Operational practices and skills are essential for harnessing smart technologies well and should keep pace with changes that technology may create in the prison environment. First, prisons have to anticipate both the positive and negative effects of technology on inmates’ behaviour, which may shift criminal tactics or attenuate the effectiveness of rehabilitation programmes. Second, prisons should share the intelligence gathered – on inmate behaviour and evolving criminal links – with law enforcement agencies to better preempt future crime and security threats to the public. Third, prisons have to monitor how technology affects the way their officers engage inmates during regular interactions. This is key to maintaining cooperation in the prison community for security and the human touch in rehabilitation.

Enabling Second Chances

Prisons have to maintain a humane environment that enables inmates to reform, learn life and work skills. Smart technologies can support the environment – within and outside the walls – that is key to inmates reintegrating successfully into the society hence reducing their likelihood of re-offending – recidivism.

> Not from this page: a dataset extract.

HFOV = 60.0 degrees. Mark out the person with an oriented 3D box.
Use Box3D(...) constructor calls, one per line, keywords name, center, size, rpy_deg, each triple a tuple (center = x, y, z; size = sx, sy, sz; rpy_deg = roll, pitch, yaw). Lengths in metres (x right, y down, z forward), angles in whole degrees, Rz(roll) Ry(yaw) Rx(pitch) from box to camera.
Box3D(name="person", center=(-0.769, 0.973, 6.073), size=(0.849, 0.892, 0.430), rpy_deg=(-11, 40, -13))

Within the walls, data analytics systems that process inmates’ information more efficiently can serve two purposes: to assess their likelihood of re-offending and prescribe appropriate rehabilitation programmes, and to reduce exposure to negative influences by allocating inmates to the right cells and cellmates. For example, Singapore uses this technology to support rehabilitation given the focus on reintegration. Surveillance systems that monitor the inmates’ use of computers for learning purposes can help prison officers (and psychologists) assess inmates by understanding their developmental needs better and preempt threats by detecting clues of possible computer misuse.

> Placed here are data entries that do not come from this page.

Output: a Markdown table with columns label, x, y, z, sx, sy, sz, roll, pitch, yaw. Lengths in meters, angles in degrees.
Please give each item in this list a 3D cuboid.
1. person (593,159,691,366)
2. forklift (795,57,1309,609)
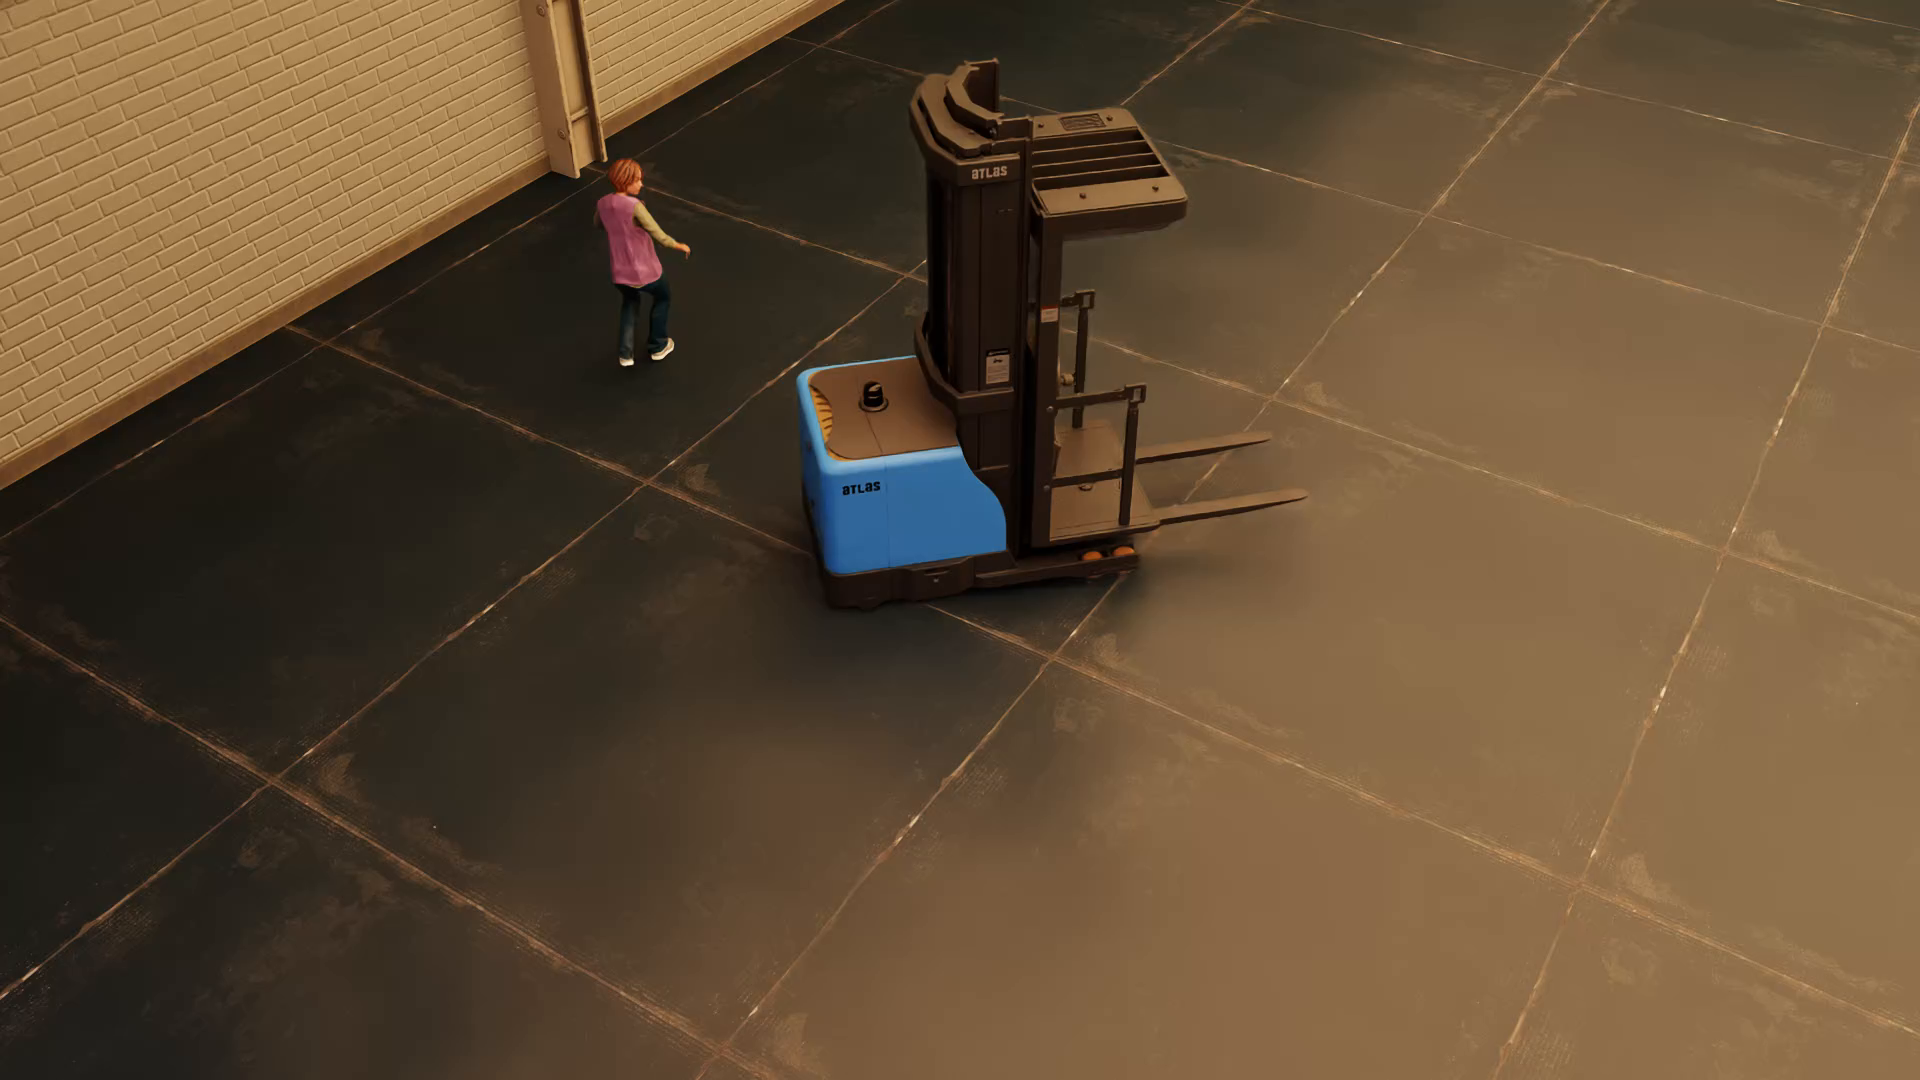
| label | x | y | z | sx | sy | sz | roll | pitch | yaw |
| --- | --- | --- | --- | --- | --- | --- | --- | --- | --- |
| person | -2.164 | -1.889 | 11.308 | 0.658 | 1.526 | 0.626 | 12 | 42 | 14 |
| forklift | 0.594 | -1.211 | 9.396 | 3.031 | 2.935 | 1.130 | -9 | 41 | -10 |

Outside the walls, surveillance systems such as the experimental “Technological Incarceration Project” by Swinburne University can support home detention programmes for inmates of lower risk and for reducing prison congestion. The AI-enabled technology uses an electronic bracelet that can monitor an inmate’s movements and deliver an electrical shock if it assessed that a violation is imminent. This technology may be useful for regulating the activities of released terrorists.

Checks and balances by prison officers are essential for accuracy in AI-driven assessments of inmates, as the outcomes that follow have impact on their lives, their families and the society. For example, there were media reports of Compas – an AI system used in the US to inform parole decisions – assessing an inmate inaccurately hence resulting in him being incarcerated longer than necessary. An erosion of the public’s confidence in the criminal justice system and ultimately the State may result. The Compas example demonstrates how the AI in smart technologies is not foolproof in understanding humans and how its users may not fully understand how it works.

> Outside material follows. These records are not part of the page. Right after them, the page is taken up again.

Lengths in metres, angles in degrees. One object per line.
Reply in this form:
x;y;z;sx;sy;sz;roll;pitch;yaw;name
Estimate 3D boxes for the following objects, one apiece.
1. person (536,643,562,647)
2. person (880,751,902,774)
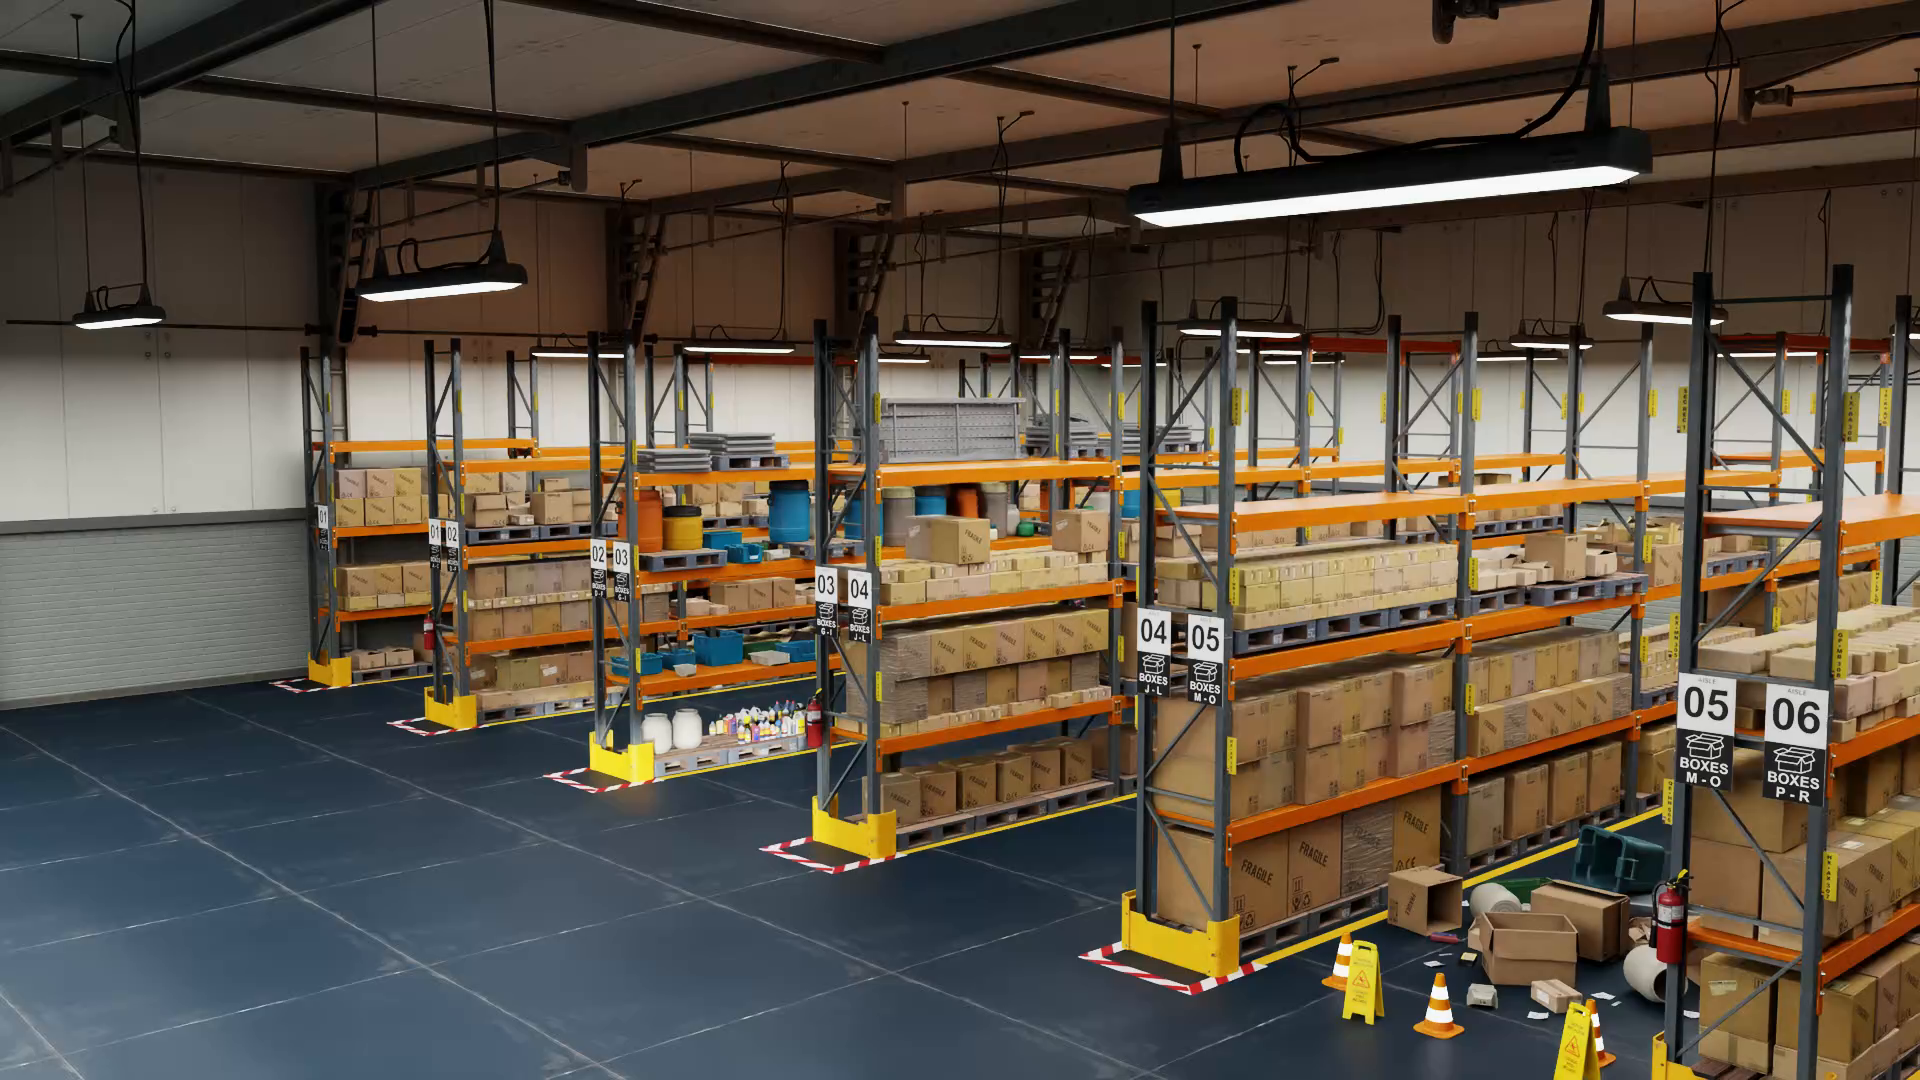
-7.192;1.785;29.034;0.531;1.669;0.402;-3;6;-28;person
-0.946;2.344;22.119;0.401;1.828;0.657;3;6;34;person

Better Security but Keep the Human Touch

Smart technologies can potentially transform how prisons function and how society perceives incarceration in the future. The downstream effects on public security are likely to be positive. The public would experience lower crime rates with former inmates less likely to re-offend, or escalate to worse offences.

The effectiveness of smart prisons however goes beyond technology implementation and requires a strategy that incorporates continual research and response to address the associated practical issues. Prisons around the world – in embracing smart technologies – can learn from each other through existing platforms for regional and international cooperation. For example, Singapore’s current professional exchanges and cooperation with prisons from the Southeast Asian (ASEAN) states may benefit from the proposed ASEAN Smart Cities Network.

Most importantly, incarceration centers on changing human behaviour hence smart prisons should undergird and not undermine the human touch.

*V S Suguna is an Associate Research Fellow and Faizal A. Rahman is a Research Fellow with the Homeland Defence Programme at the Centre of Excellence for National Security (CENS), a unit of the S. Rajaratnam School of International Studies (RSIS), Nanyang Technological University, Singapore.